- DESCRIPTION OF THE TASK: The response should consist only of the lines from the one with "HFOV 51.7°." to the end of the data below, copied exactly and without pictures.

Start of INPUT DATA

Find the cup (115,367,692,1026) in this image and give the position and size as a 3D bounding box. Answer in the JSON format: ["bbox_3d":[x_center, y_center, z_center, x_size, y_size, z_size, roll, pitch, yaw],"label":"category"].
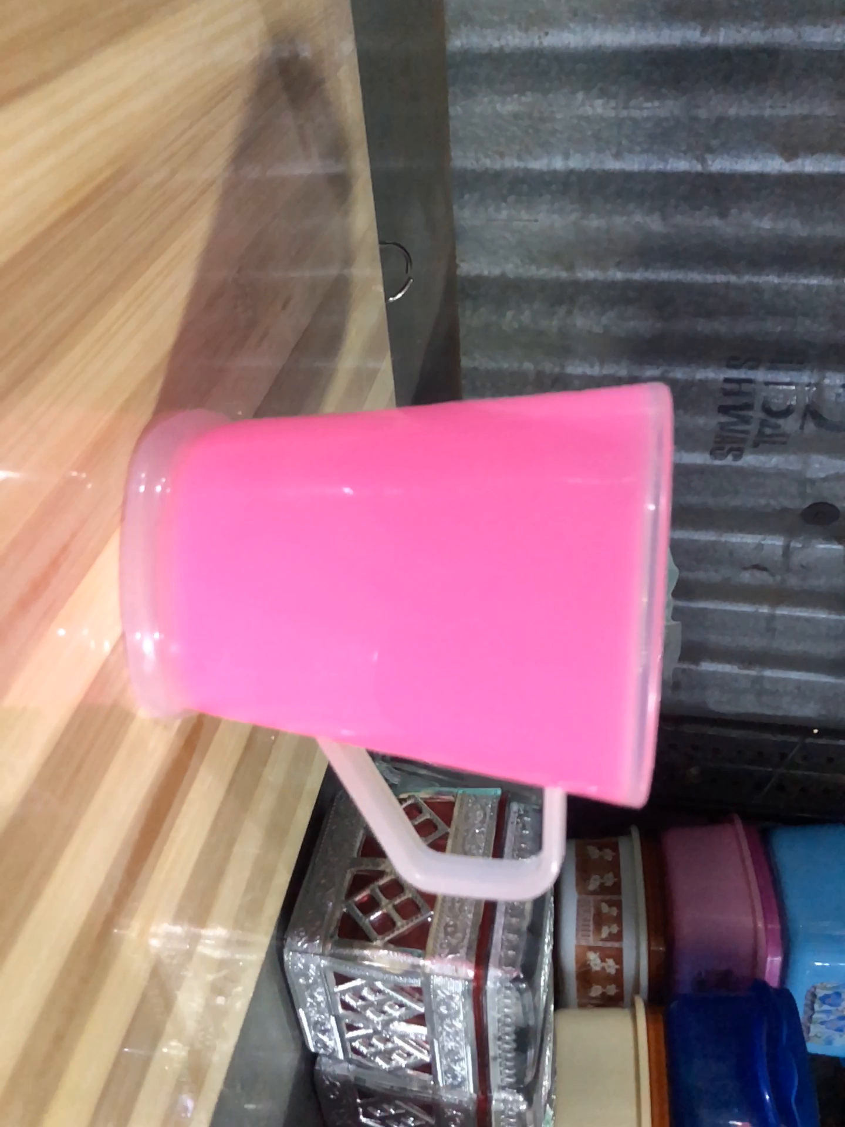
[{"bbox_3d":[0.000,0.022,0.210,0.070,0.100,0.120,-59,151,-70],"label":"cup"}]
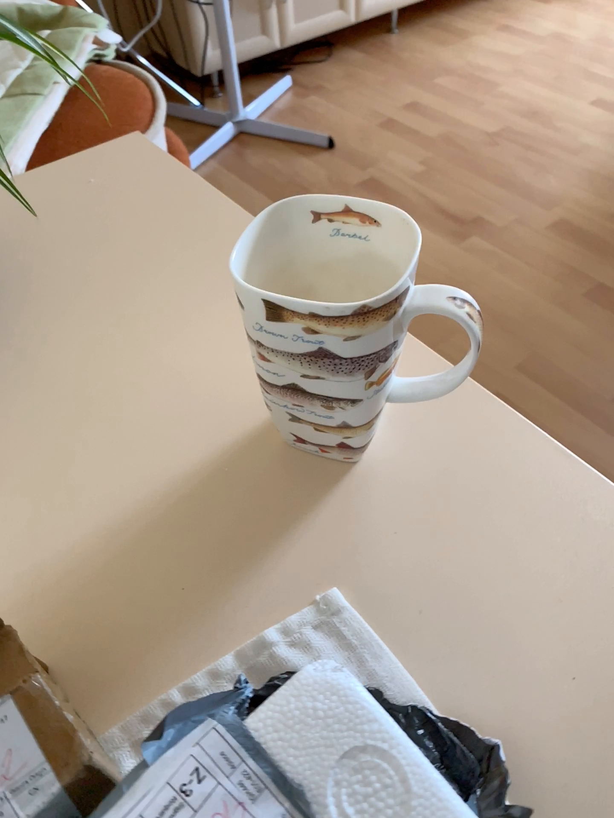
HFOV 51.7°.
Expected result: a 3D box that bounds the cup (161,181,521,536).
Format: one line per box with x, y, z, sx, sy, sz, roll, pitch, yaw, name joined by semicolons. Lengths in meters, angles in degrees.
0.022;-0.028;0.339;0.140;0.129;0.101;15;51;17;cup
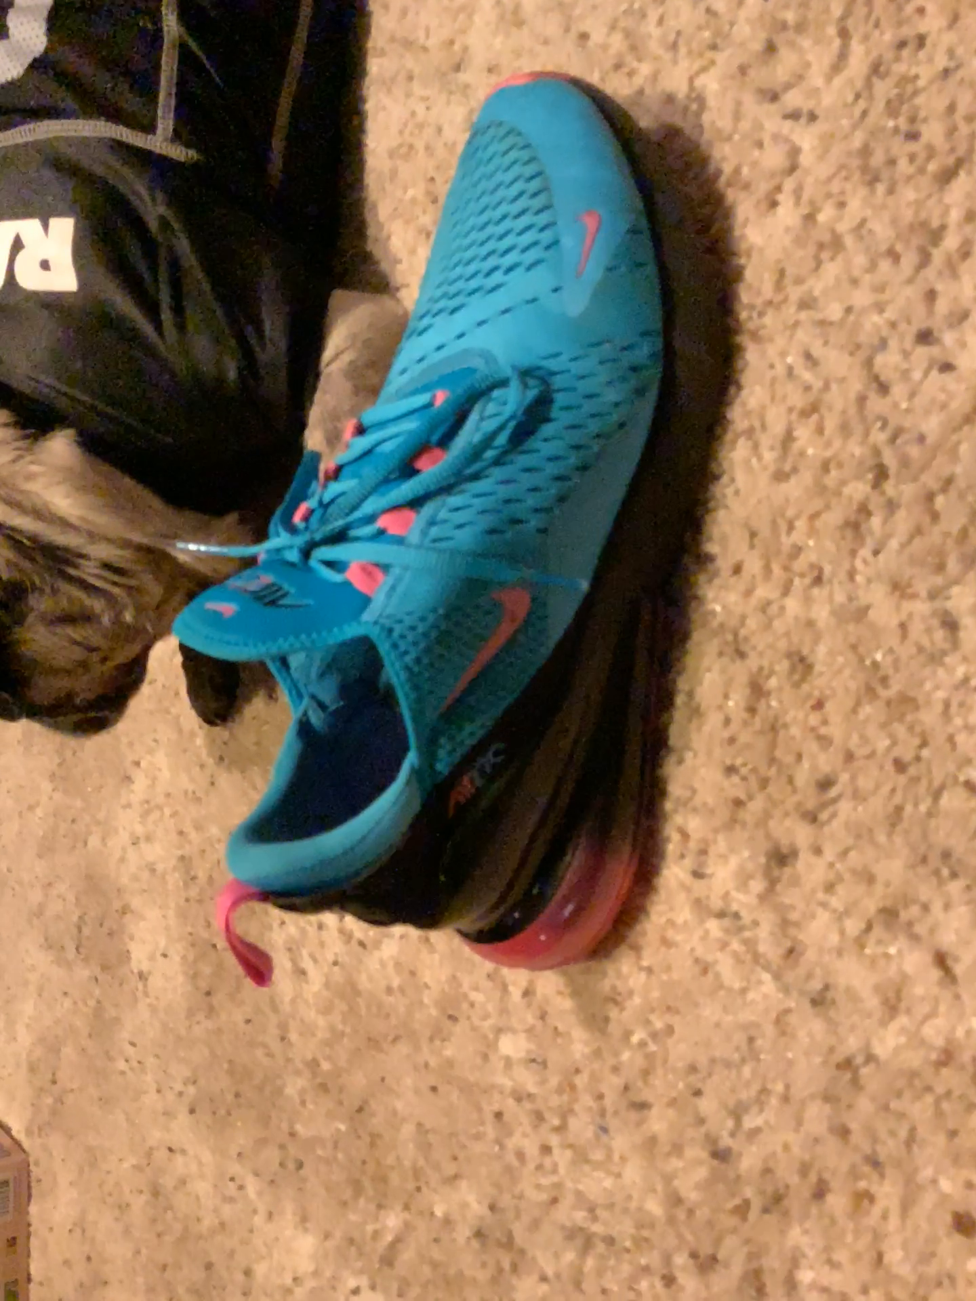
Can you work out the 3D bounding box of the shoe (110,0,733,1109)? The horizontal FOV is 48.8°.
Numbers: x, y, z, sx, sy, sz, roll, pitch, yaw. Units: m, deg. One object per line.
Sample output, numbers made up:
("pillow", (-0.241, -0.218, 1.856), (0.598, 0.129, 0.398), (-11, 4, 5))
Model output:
("shoe", (-0.027, -0.052, 0.369), (0.130, 0.140, 0.340), (7, 93, 53))

End of INPUT DATA

- ANSWER TO THIS TASK:
HFOV 51.7°.
Expected result: a 3D box that bounds the cup (161,181,521,536).
Format: one line per box with x, y, z, sx, sy, sz, roll, pitch, yaw, name joined by semicolons. Lengths in meters, angles in degrees.
0.022;-0.028;0.339;0.140;0.129;0.101;15;51;17;cup
Can you work out the 3D bounding box of the shoe (110,0,733,1109)? The horizontal FOV is 48.8°.
Numbers: x, y, z, sx, sy, sz, roll, pitch, yaw. Units: m, deg. One object per line.
Sample output, numbers made up:
("pillow", (-0.241, -0.218, 1.856), (0.598, 0.129, 0.398), (-11, 4, 5))
Model output:
("shoe", (-0.027, -0.052, 0.369), (0.130, 0.140, 0.340), (7, 93, 53))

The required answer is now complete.